Generalized Griffith criterion for dynamic fracture and the stability of crack motion at high velocities

We use Eshelby's energy momentum tensor of dynamic elasticity to compute the forces acting on a moving crack front in a three-dimensional elastic solid [Philos. Mag. 42, 1401 (1951)]. The crack front is allowed to be any curve in three dimensions, but its curvature is assumed small enough so that near the front the dynamics is locally governed by two-dimensional physics. In this case the component of the elastic force on the crack front that is tangent to the front vanishes. However, both the other components, parallel and perpendicular to the direction of motion, do not vanish.

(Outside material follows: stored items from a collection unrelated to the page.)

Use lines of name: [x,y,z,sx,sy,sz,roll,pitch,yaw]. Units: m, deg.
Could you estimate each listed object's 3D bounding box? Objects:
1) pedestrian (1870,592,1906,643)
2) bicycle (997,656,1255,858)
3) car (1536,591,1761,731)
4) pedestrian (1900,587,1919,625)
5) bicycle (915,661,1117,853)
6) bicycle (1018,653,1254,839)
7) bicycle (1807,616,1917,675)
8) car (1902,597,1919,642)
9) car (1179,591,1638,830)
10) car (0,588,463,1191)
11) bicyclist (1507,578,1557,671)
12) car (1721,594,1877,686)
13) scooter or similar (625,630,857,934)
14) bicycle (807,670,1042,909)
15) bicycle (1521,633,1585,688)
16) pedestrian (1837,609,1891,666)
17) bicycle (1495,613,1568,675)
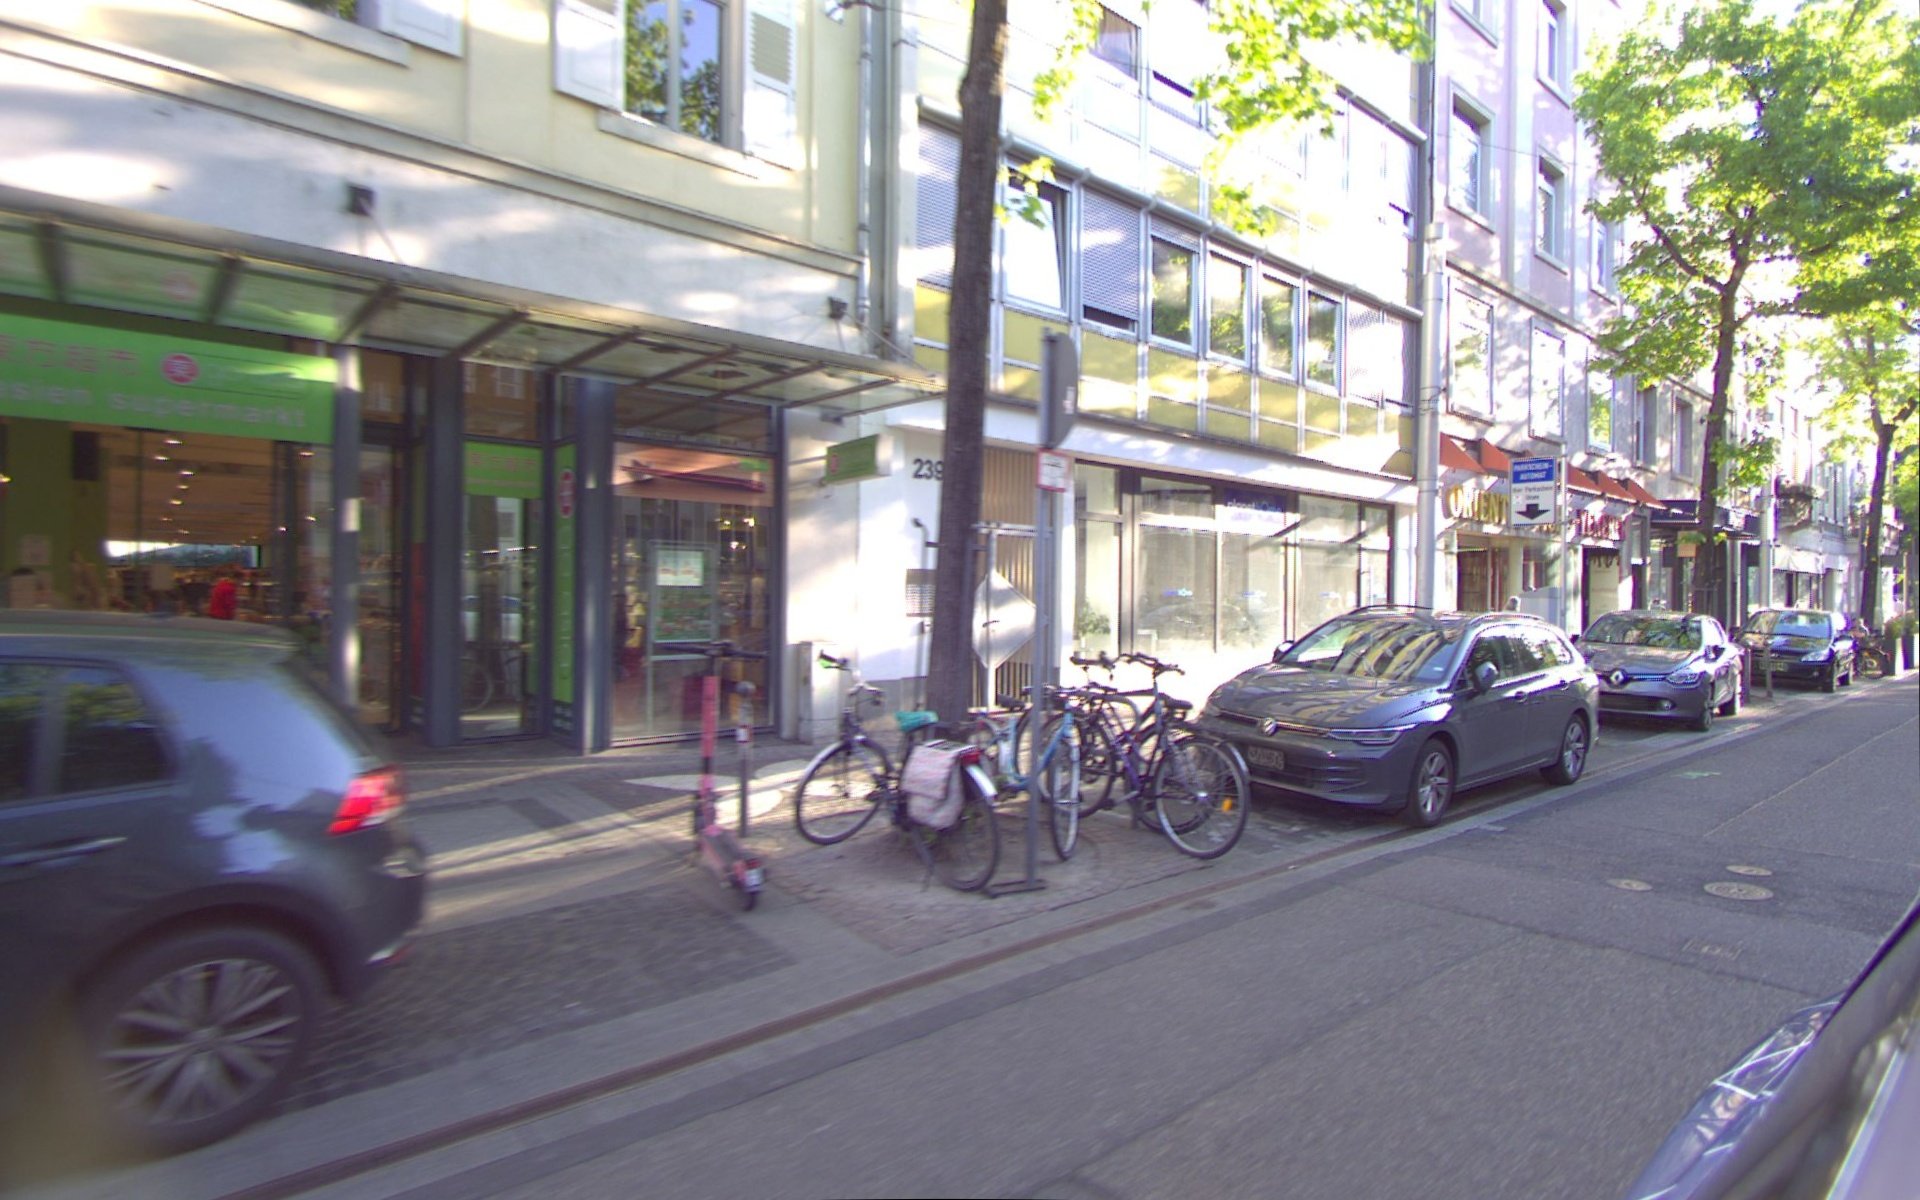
pedestrian: [31.498,0.588,34.354,0.742,1.663,0.804,1,1,-40]
bicycle: [0.961,0.910,6.451,0.277,0.976,2.044,0,0,-35]
car: [9.525,0.698,13.879,1.816,1.504,3.936,6,4,44]
pedestrian: [51.986,0.324,55.235,0.840,2.039,0.833,0,0,34]
bicycle: [0.310,0.939,6.519,0.486,0.976,1.544,0,0,-33]
bicycle: [1.106,0.906,6.829,0.326,0.976,1.903,0,0,-35]
bicycle: [19.802,0.981,22.263,0.535,1.152,1.736,0,2,-20]
car: [34.368,0.699,35.201,4.344,1.457,1.780,-1,4,-40]
car: [3.914,0.713,8.566,4.031,1.471,1.876,0,3,-39]
car: [-3.617,0.710,2.471,1.837,1.454,3.938,2,1,43]
bicyclist: [10.779,0.444,19.076,0.589,1.705,0.640,0,1,-42]
car: [16.383,0.694,19.714,3.593,1.475,1.804,0,5,-43]
scooter or similar: [-1.156,0.789,5.087,0.662,1.211,1.544,0,0,-31]
bicycle: [-0.249,0.927,5.444,0.486,0.976,1.543,0,0,-36]
bicycle: [9.901,0.992,16.883,1.580,0.817,0.467,0,1,-42]
pedestrian: [21.045,0.855,23.563,0.575,1.281,0.820,0,0,-35]
bicycle: [10.813,0.810,19.123,1.829,1.087,0.648,0,1,-42]
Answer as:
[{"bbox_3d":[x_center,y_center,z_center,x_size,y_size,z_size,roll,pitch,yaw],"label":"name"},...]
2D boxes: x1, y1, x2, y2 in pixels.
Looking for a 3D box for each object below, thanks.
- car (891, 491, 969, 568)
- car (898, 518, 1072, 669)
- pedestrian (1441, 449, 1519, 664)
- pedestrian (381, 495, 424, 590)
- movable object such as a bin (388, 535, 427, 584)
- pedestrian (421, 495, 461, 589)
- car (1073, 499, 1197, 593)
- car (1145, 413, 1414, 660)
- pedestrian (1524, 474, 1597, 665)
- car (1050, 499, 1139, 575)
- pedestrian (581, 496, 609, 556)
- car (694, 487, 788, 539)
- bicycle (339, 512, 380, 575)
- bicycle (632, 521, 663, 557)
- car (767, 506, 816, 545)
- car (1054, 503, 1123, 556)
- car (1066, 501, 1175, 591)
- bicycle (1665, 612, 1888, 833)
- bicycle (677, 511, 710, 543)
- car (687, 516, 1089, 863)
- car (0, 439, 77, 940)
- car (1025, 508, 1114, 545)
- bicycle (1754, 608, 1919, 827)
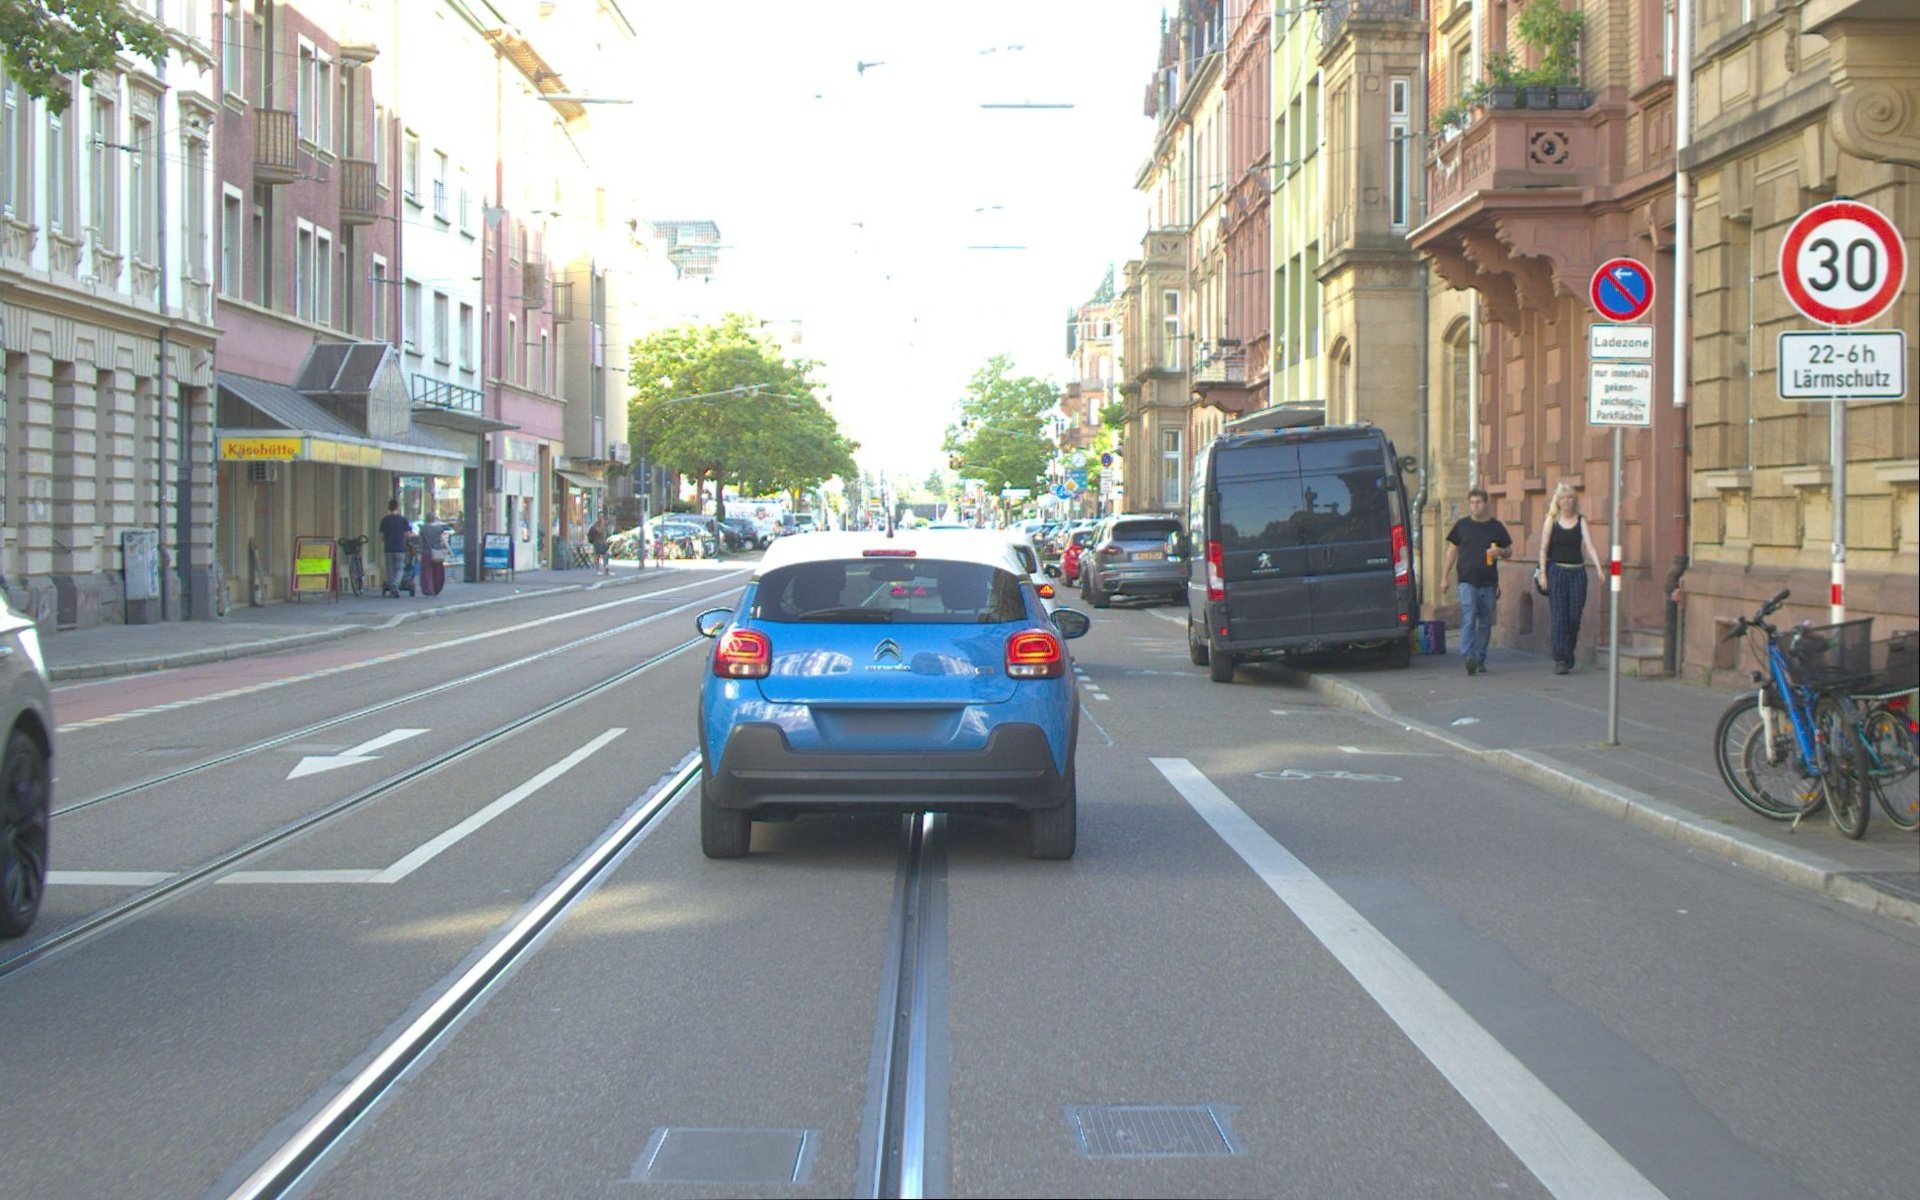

We propose that the dynamics of cracks that are allowed to deviate from straight line motion is governed by a vector equation that reflects a balance of elastic forces with dissipative forces at the crack tip, and a phenomenological model for those dissipative forces is advanced. Under certain assumptions for the parameters that characterize the model for the dissipative forces, we find a second order dynamic instability for the crack trajectory. This is signaled by the existence of a critical velocity V-c such that far velocities V < V-c the motion is governed by K-II = 0, while for V > V-c it is governed by K-II not equal 0. This result provides a qualitative explanation for some experimental results associated with dynamic fracture instabilities in thin brittle plates. When deviations from straight Line motion are suppressed, the usual equation of straight line crack motion based on a Griffiths-like criterion is recovered. [S1063-651X(99)12408-5].